Bijman Marcel N A, van Nieuw Amerongen Geerten P, Laurens Nancy, van Hinsbergh Victor W M, Boven Epie
Department of Medical Oncology, Vrije Universiteit Medical Center, De Boelelaan 1117, 1081 HV Amsterdam, the Netherlands.
Mol Cancer Ther. 2006 Sep;5(9):2348-57. doi: 10.1158/1535-7163.MCT-06-0242.

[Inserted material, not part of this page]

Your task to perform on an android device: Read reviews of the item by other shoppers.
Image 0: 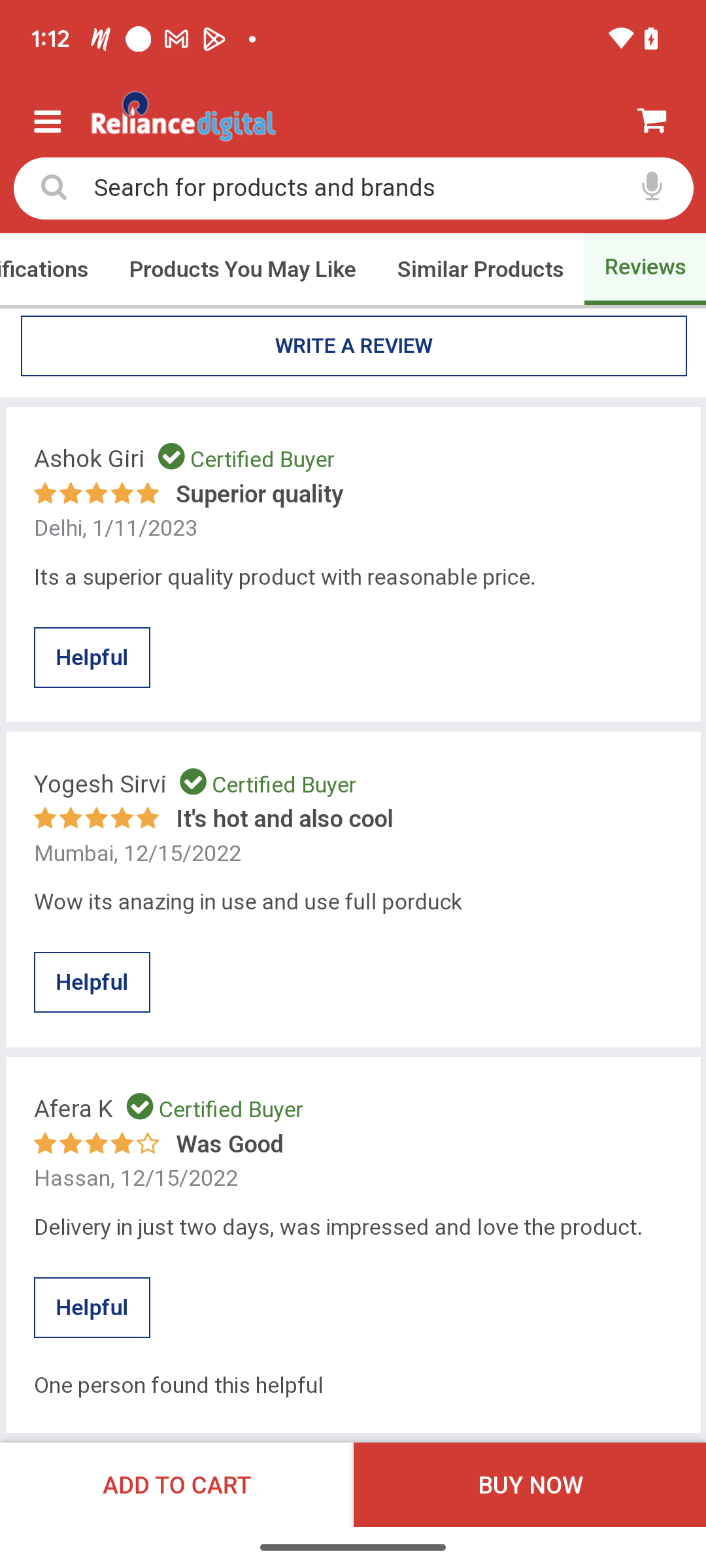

Conventional anticancer agents may display antiangiogenic effects, but the underlying mechanism is poorly understood. We determined the antiangiogenic properties of cisplatin, doxorubicin, and the microtubule-targeting agents docetaxel, epothilone B, and vinblastine at concentrations not affecting cell proliferation. We also assessed tubulin and actin morphology and the activity of two key molecules in cell motility, the small Rho GTPases Cdc42 and Rac1. The highest non-toxic concentration (HNTC) of each drug was defined as the concentration inhibiting a maximum of 10% human umbilical vein endothelial cell growth on a 1-hour drug exposure, being for cisplatin 10 micromol/L, doxorubicin 100 nmol/L, docetaxel 10 nmol/L, epothilone B 1 nmol/L, and vinblastine 10 nmol/L. Comparative endothelial cell functional assays using HNTCs for an exposure time of 1 hour indicated that endothelial cell migration in the wound assay, endothelial cell invasion in a transwell invasion system, and endothelial cell formation into tubelike structures on a layer of Matrigel were significantly inhibited by docetaxel, epothilone B, and vinblastine (P < 0.05), but not by cisplatin and doxorubicin. Docetaxel was slightly more efficient in the inhibition of endothelial cell motility than epothilone B and vinblastine. Fluorescence microscopy revealed that only the microtubule-targeting agents affected the integrity of the tubulin and F-actin cytoskeleton, which showed disturbed microtubule structures, less F-actin stress fiber formation, and appearance of nuclear F-actin rings. These observations were associated with early inhibition of Rac1 and Cdc42 activity. In conclusion, HNTCs of microtubule-targeting agents efficiently reduce endothelial cell motility by interference with microtubule dynamics preventing the activation of Rac1/Cdc42 and disorganizing the actin cytoskeleton.
传统抗癌药物可能具有抗血管生成作用,但其潜在机制尚不清楚。我们测定了顺铂、阿霉素以及微管靶向药物多西他赛、埃坡霉素B和长春花碱在不影响细胞增殖浓度下的抗血管生成特性。我们还评估了微管蛋白和肌动蛋白的形态以及细胞运动中两个关键分子——小Rho GTP酶Cdc42和Rac1的活性。每种药物的最高无毒浓度(HNTC)定义为在1小时药物暴露时抑制人脐静脉内皮细胞生长最多达10%的浓度,顺铂为10微摩尔/升,阿霉素为100纳摩尔/升,多西他赛为10纳摩尔/升,埃坡霉素B为1纳摩尔/升,长春花碱为10纳摩尔/升。使用HNTC进行1小时暴露时间的内皮细胞功能比较试验表明,多西他赛、埃坡霉素B和长春花碱显著抑制了伤口试验中的内皮细胞迁移、transwell侵袭系统中的内皮细胞侵袭以及基质胶层上内皮细胞形成管状结构(P<0.05),但顺铂和阿霉素没有。多西他赛在抑制内皮细胞运动方面比埃坡霉素B和长春花碱稍有效。荧光显微镜显示,只有微管靶向药物影响微管蛋白和F-肌动蛋白细胞骨架的完整性,表现为微管结构紊乱、F-肌动蛋白应力纤维形成减少以及核F-肌动蛋白环的出现。这些观察结果与Rac1和Cdc42活性的早期抑制有关。总之,微管靶向药物的HNTC通过干扰微管动力学,阻止Rac1/Cdc42的激活并破坏肌动蛋白细胞骨架,从而有效降低内皮细胞运动。